ECM
The TV showed the Cubs game while Joyce and I waited. It was about 2:30 in the afternoon, and the Cubs were playing a day game at Wrigley. I couldn’t recall who was pitching or who the opposing team was – I was too preoccupied. I glanced up at the screen. It was always the same shot: the camera behind the pitcher watching his windup, the release, and the outcome. It was regular to the point of being below consciousness. Whether the batter hits a home run or strikes out, it doesn’t matter. The pitcher keeps pitching. The catcher keeps signaling. The batter keeps batting.
All of us in the ECM group were nervous. Pacing, talking excitedly, quietly watching the game. I could feel it, and I was the same. There was some patient waiting behind some white curtain somewhere down the hall, and she’s going to realize what a fraud I am the minute I walk through the door. This white coat hides nothing. I realize I’m no diagnostician; I’m not supposed to be yet. But even on an interpersonal level, how was I supposed to make the patient feel at ease about disclosing information when I wasn’t at ease with myself?
Finally, Joyce and I got the call. We went to a room and there was no one there. The woman had apparently dashed into the washroom just as we arrived. That just gave Joyce and me more time to agonize and wonder aloud which questions we should ask and which are off limits.
When she came out, we introduced ourselves. Her name was Mrs. X. She was about 5’2″, African-American, and in her 50s. When I made eye contact with her and shook her hand, I began to feel better. Hers was a singular face instead of a malady, an expression of warmth in her smile instead of a petroleum jelly-encased corpse that I had been so used to seeing and smelling.
We immediately got onto the subject of why she was in the hospital. She wasn’t bed-ridden, and she seemed to have some energy about her. The clues were making me curious.
She had asthma. Her first attack was in April of 1992, while she was walking to her home on West Division. Suddenly, her breathing became labored. She started worrying, and the worry made it worse. She tried walking home, but she could hardly walk, much less breathe. With much effort, she finally made it home and was lucky enough to have her sister there to call 911. She was taken to the emergency room and diagnosed.
Though neither of her parents had it, many of her brothers and sisters, and their offspring have asthma. One grandson lives with her, and he has it. We asked Mrs. X if the boy was old enough to know what it meant to have asthma. She replied that he knows to the point of reminding his grandmother to take her medication, and he knows the consequences of when she doesn’t. Mrs. X isn’t old or senile or forgetful. But it is hard to remember to take six different medication at specific times of the day.
After her initial diagnosis, her doctors put her on medication. It didn’t work. After the first time, she began having attacks with frightful regularity – once a month. She would be at home and could tell when the attacks were coming. At first, she would ignore them, hoping they would go away on their own. But the attacks would progress to the point of constricting her airways so she couldn’t utter anything into the mouthpiece of the phone when she called 911.
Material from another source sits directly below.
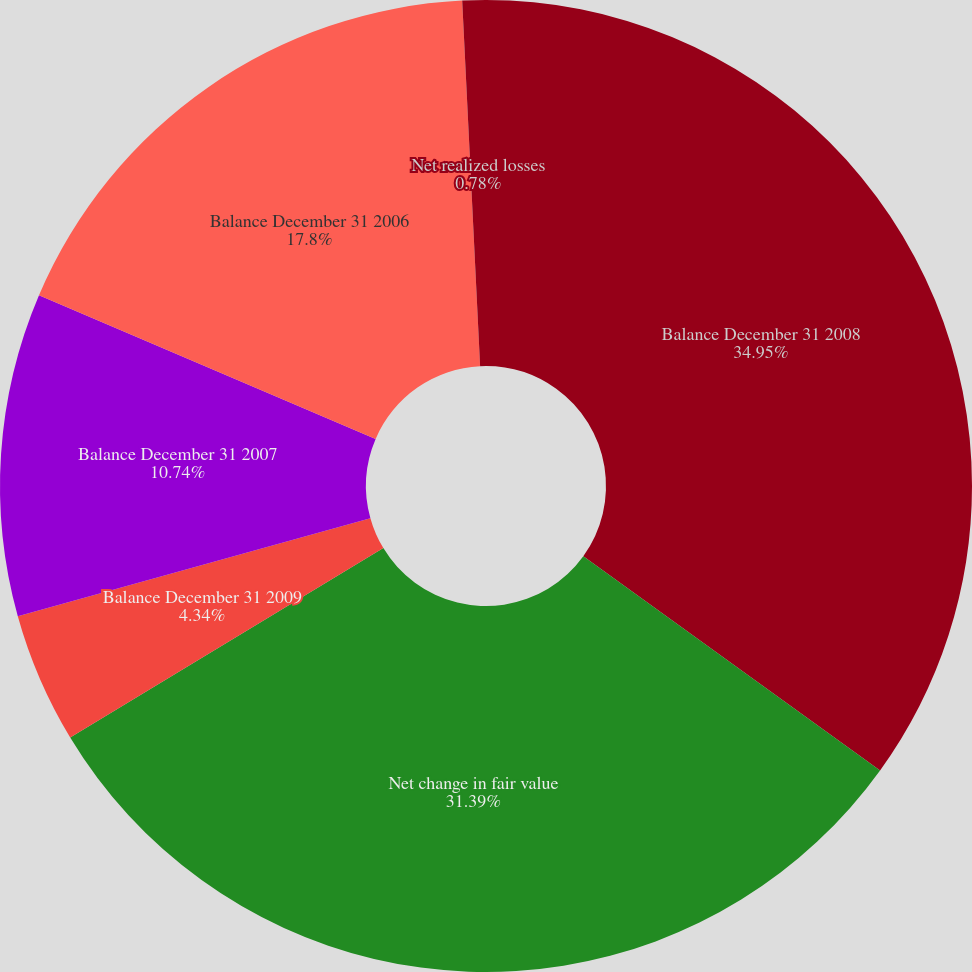Convert chart. <chart><loc_0><loc_0><loc_500><loc_500><pie_chart><fcel>Balance December 31 2008<fcel>Net change in fair value<fcel>Balance December 31 2009<fcel>Balance December 31 2007<fcel>Balance December 31 2006<fcel>Net realized losses<nl><fcel>34.95%<fcel>31.39%<fcel>4.34%<fcel>10.74%<fcel>17.8%<fcel>0.78%<nl></chart> 
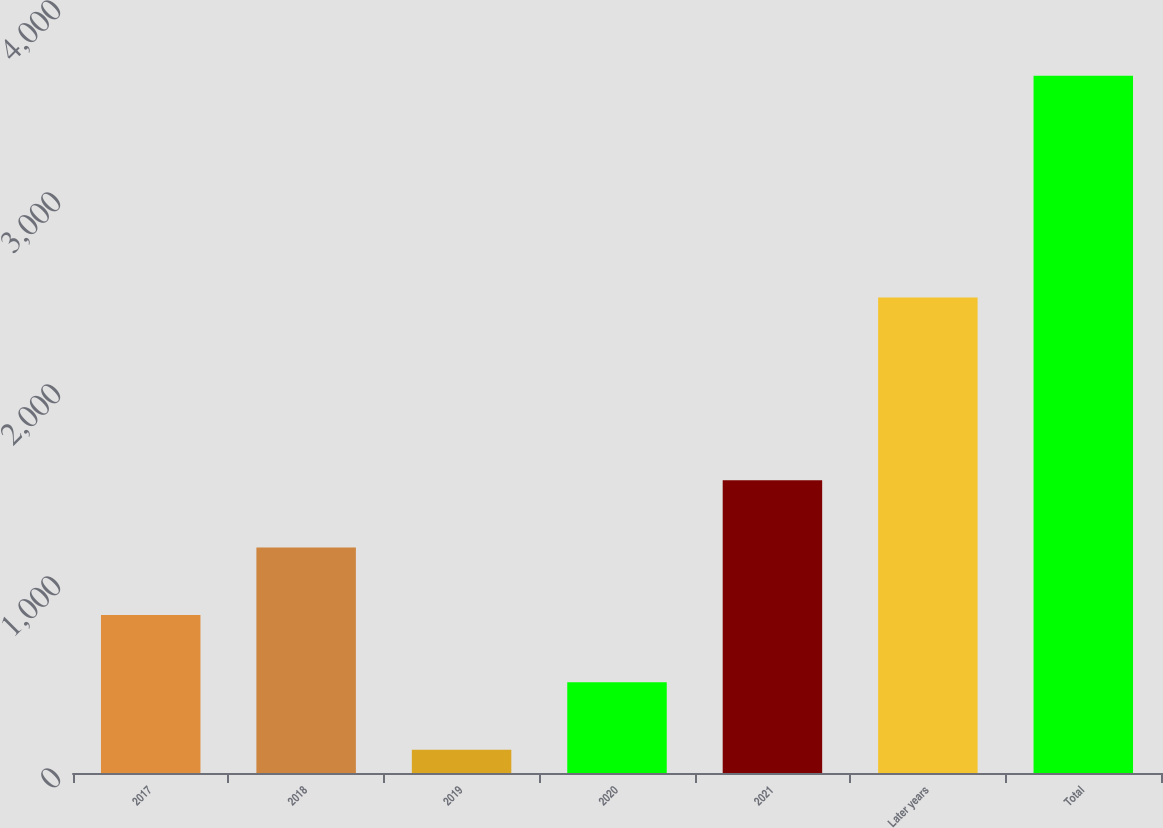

She would return to the emergency room. Not only the second time, but each month thereafter. The physicians prescribed more medication to combat the illness and even more medication to combat the effects of the medication given. It didn’t help. And there she was sitting in front of Joyce and me, eight years later and in the hospital for the exact same reason.
I was amazed. This isn’t baseball. Baseball is about regularity, but it is also about punctuations: pitchers need only three strikes and three outs and nine innings once every five days for nine months. They go home at night. They forget about the game. They grill steaks and drink Coronas and play with their kids. But Mrs. X must live her entire life knowing that an attack is in the near future. Her whole world has had to change. She was forced to give up a job at which her employers were asking her to stay. She has regular appointments at the UIH Outpatient clinic every two weeks. Outside of that, she stays at home most of the time. And even in her house, she is not free. Because of the amount of dust that would be kicked up into the air, she has to call in someone to vacuum. And the oxygen canister is always close by, just in case.
All this, and she was incredibly upbeat while talking to us. She has bad days, and she has good days, she said. But she also has a strong support system. Social Security provides for her transportation to and from the clinic, as well as an air conditioner to keep her comfortable in the summertime. Her family and her church check up on her and help her out. Much of her family lives on the South Side, and they are soon planning on moving closer to her. And even though other parishioners tell her to take it easy at her Jehovah’s Witness Church, she still goes out on those “good days” to go door-to-door extolling the virtues of her faith.
After realizing we had lost track of time, Joyce and I got up and said our goodbyes. After hearing her tell her story, I wished her well; judging from her disposition, I believe she already is.